Having arrived at this conclusion, I must deny the motion for a temporary injunction. There remains, however, the question whether this court has any jurisdiction at all over this action. It is clearly an action for an injunction. No damages are alleged and none are prayed for. On the authority of Amalgamated Ass'n, Etc. v. Dixie Motor Coach Corp., 8 Cir., 170 F.2d 902, supra, the complaint then should be dismissed. Aside from this failure to allege damages the complaint is insufficient in failing to allege any violation of section 303. The only allegations that could possibly be construed to come within the meaning of section 303 are allegations of threats and it has been held that threats of conduct declared unlawful by section 303(a) are not made actionable by this section. Schatte v. International Alliance, Etc., 9 Cir., 182 F.2d 158, 165, certiorari denied 340 U.S. 827, 71 S. Ct. 64, 95 L. Ed. 608. In addition, I think that, even under our liberal system of pleading, if the complaint alleged that the threats had been carried out, it still would not state a claim under the terms of section 303(a) which is set out in the margin.

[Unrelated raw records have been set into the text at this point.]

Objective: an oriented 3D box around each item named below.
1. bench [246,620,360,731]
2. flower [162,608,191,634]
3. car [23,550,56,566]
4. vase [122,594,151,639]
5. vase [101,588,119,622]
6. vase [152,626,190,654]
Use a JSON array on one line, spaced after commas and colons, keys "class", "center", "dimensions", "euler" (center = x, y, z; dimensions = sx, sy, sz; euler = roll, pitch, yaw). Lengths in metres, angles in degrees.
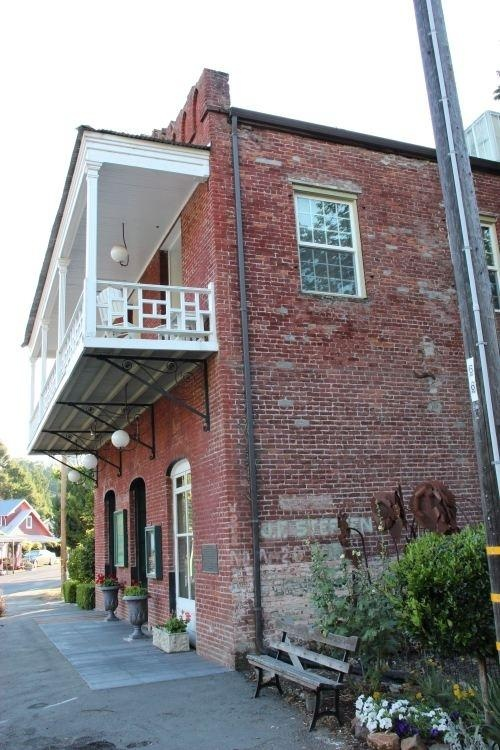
[{"class": "bench", "center": [0.434, 2.707, 5.725], "dimensions": [0.385, 0.696, 1.140], "euler": [9, -14, -30]}, {"class": "flower", "center": [-1.109, 3.720, 9.468], "dimensions": [0.369, 0.277, 0.379], "euler": [-8, -1, -37]}, {"class": "car", "center": [-19.274, 16.689, 57.662], "dimensions": [1.415, 1.236, 3.349], "euler": [-12, -20, 31]}, {"class": "vase", "center": [-1.963, 4.212, 10.983], "dimensions": [0.463, 0.684, 0.492], "euler": [-6, -16, 5]}, {"class": "vase", "center": [-3.112, 5.049, 13.969], "dimensions": [0.337, 0.731, 0.613], "euler": [1, -14, -11]}, {"class": "vase", "center": [-1.206, 3.931, 9.357], "dimensions": [0.357, 0.323, 0.857], "euler": [10, -19, -41]}]

*947 That this conduct may be unlawful for other reasons cannot supply jurisdiction in this court in the absence of diversity of citizenship and the requisite amount in controversy. Walker v. United Mine Workers of America, D.C.W.D.Pa., 105 F. Supp. 608; International Longshoremen's & W. U. v. Sunset L. and T. Co., D.C.N.D.Cal., 77 F. Supp. 119. See H. N. Thayer Co. v. Binnall, D.C.D.Mass., 82 F. Supp. 566.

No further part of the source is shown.